- Task goal: Transcribe exactly, and only, the lines that fall between the line containing "3. bicycle (38,618,68,649)" and the last line of the material, both ends included, omitting any pictures.

- Supplied records:
Start of Block

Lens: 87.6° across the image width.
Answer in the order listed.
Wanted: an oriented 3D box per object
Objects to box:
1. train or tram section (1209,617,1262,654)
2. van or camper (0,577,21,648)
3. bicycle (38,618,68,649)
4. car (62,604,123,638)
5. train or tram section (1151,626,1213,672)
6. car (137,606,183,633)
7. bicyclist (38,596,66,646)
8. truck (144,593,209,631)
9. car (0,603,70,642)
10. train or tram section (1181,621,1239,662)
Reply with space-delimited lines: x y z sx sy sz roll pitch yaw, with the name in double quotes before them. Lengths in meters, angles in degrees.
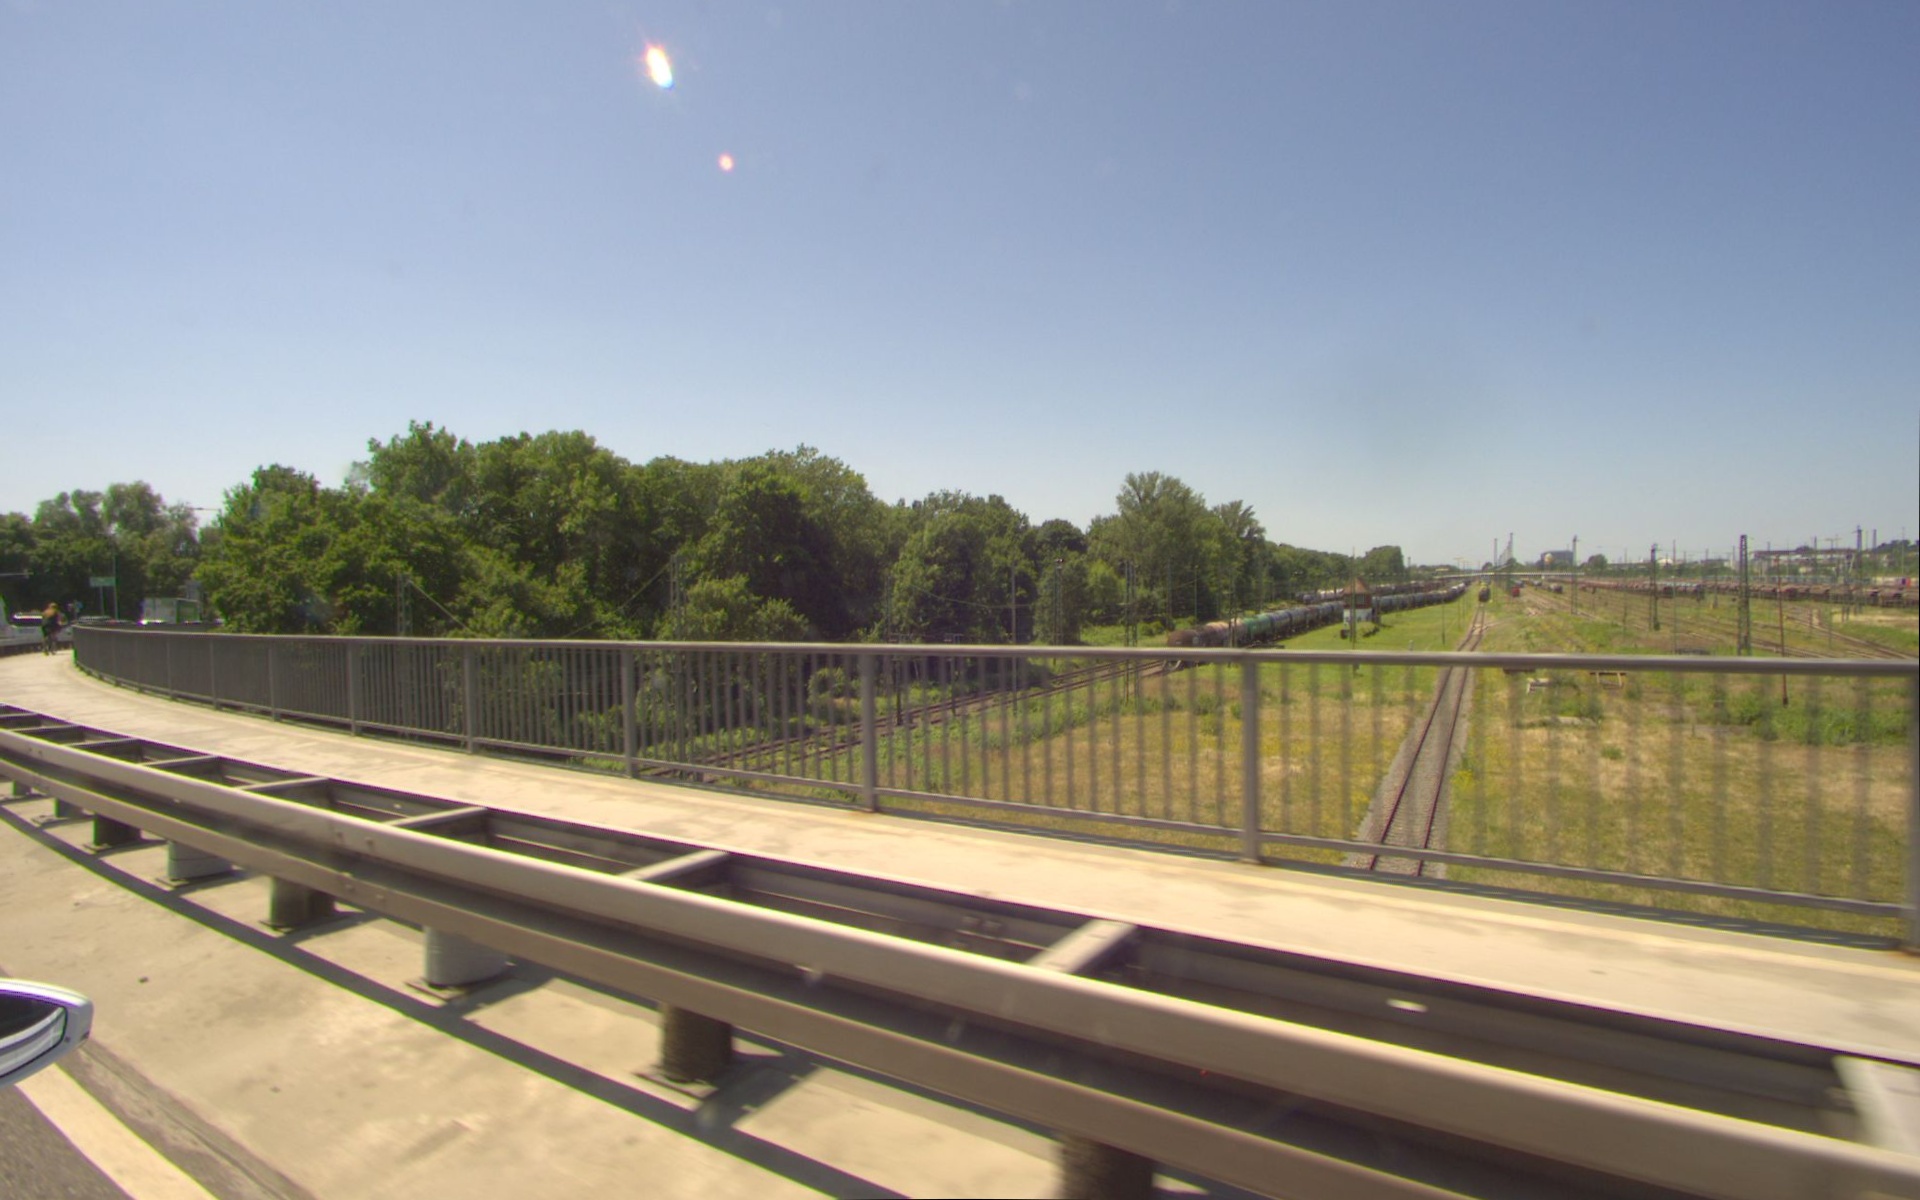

End of Block

- Response:
3. bicycle (38,618,68,649)
4. car (62,604,123,638)
5. train or tram section (1151,626,1213,672)
6. car (137,606,183,633)
7. bicyclist (38,596,66,646)
8. truck (144,593,209,631)
9. car (0,603,70,642)
10. train or tram section (1181,621,1239,662)
Reply with space-delimited lines: x y z sx sy sz roll pitch yaw, with the name in double quotes before them. Lengths in meters, angles in degrees.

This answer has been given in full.